Lesson 8 of 17
Token Sequences
Training Data: Next-Token Prediction
A language model learns by predicting the next token in a sequence. For each position in a document, the input is the current token and the target is the next token.
Wrapping with BOS
We wrap each word with BOS on both sides:
"emma" → [BOS, e, m, m, a, BOS]
This lets the model learn:
- Given BOS, predict 'e' (the first character)
- Given 'a', predict BOS (the end of word)
Sliding Window
From tokens [t0, t1, t2, ..., tn], we produce pairs:
(t0, t1)(t1, t2)- ...
(tn-1, tn)
In Python:
def make_pairs(word, encode, BOS):
tokens = [BOS] + [encode[ch] for ch in word] + [BOS]

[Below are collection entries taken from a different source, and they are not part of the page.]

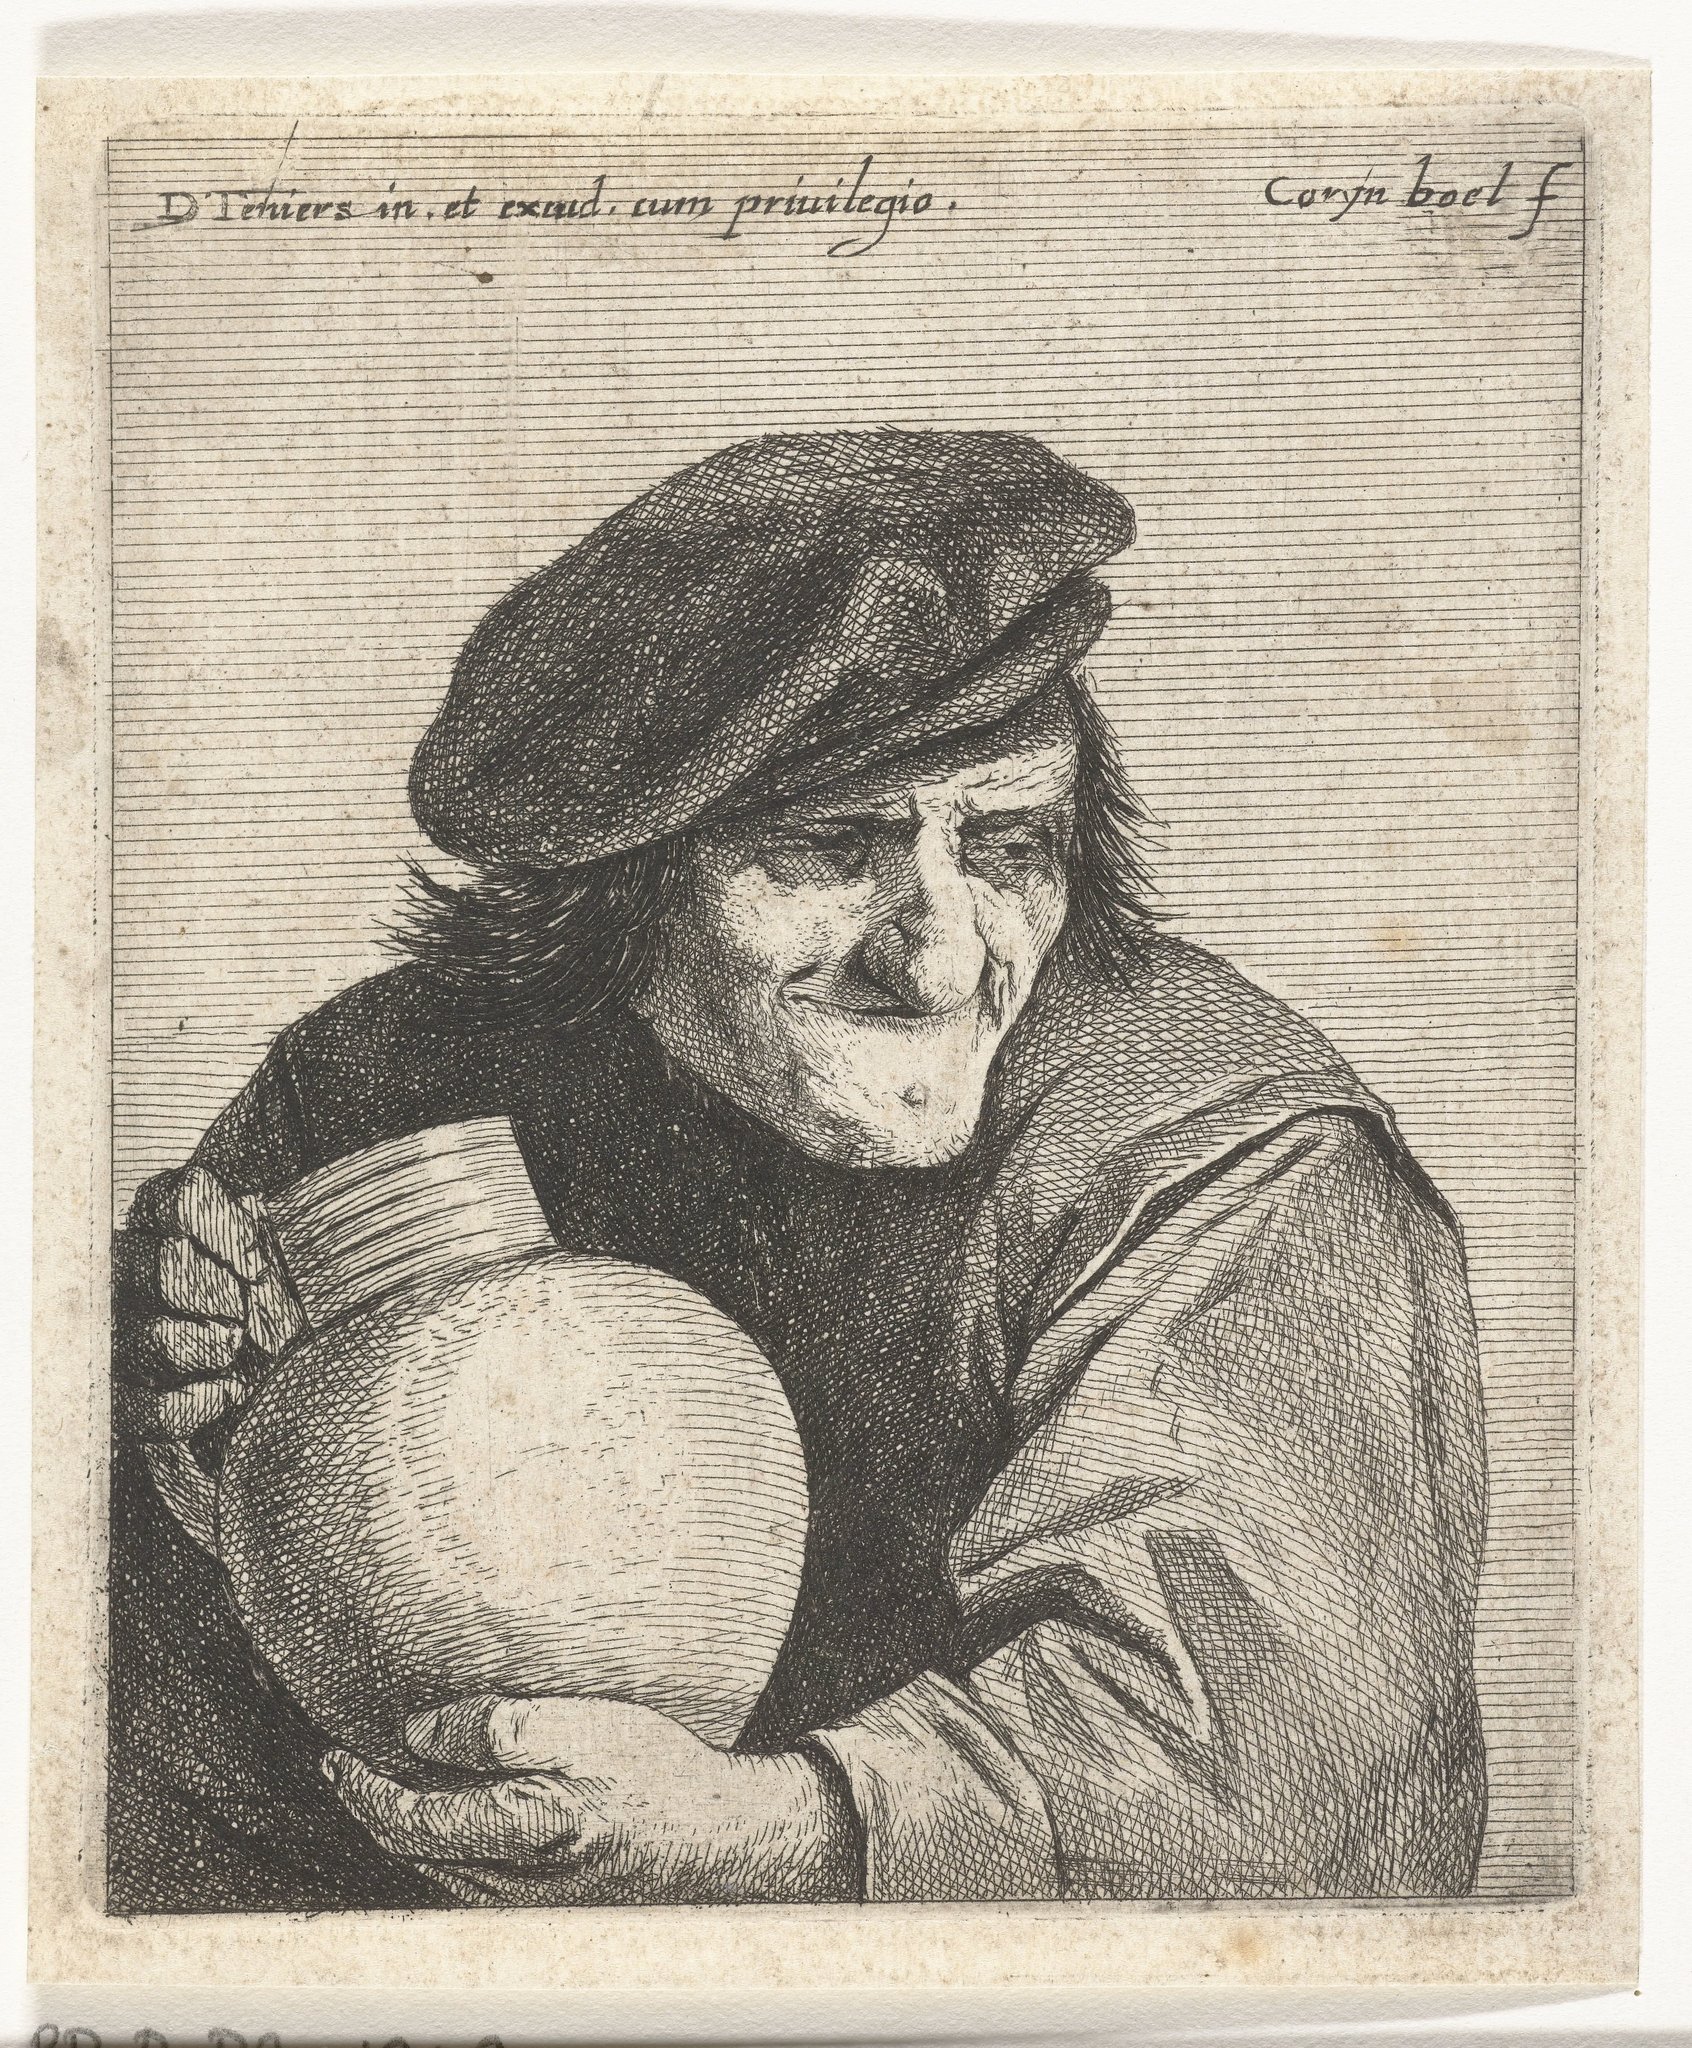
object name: print
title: Boer met kan
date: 1635-1690
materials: paper
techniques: etching
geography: southern netherlands
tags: adult man (+ three-quarter view)
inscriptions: collector's mark: Lugt 240
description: Een kneuterige boer met een pet op en een kan in zijn handen.

return [(tokens[i], tokens[i+1]) for i in range(len(tokens)-1)]
Example
For "emma" with encode = {'a':0, 'e':1, 'm':2} and BOS=3:
| Input | Target | Meaning |
|---|---|---|
| 3 | 1 | BOS → e |
| 1 | 2 | e → m |
| 2 | 2 | m → m |
| 2 | 0 | m → a |
| 0 | 3 | a → BOS |
Your Task
Implement make_pairs(word, encode, BOS) that returns a list of (input, target) integer tuples.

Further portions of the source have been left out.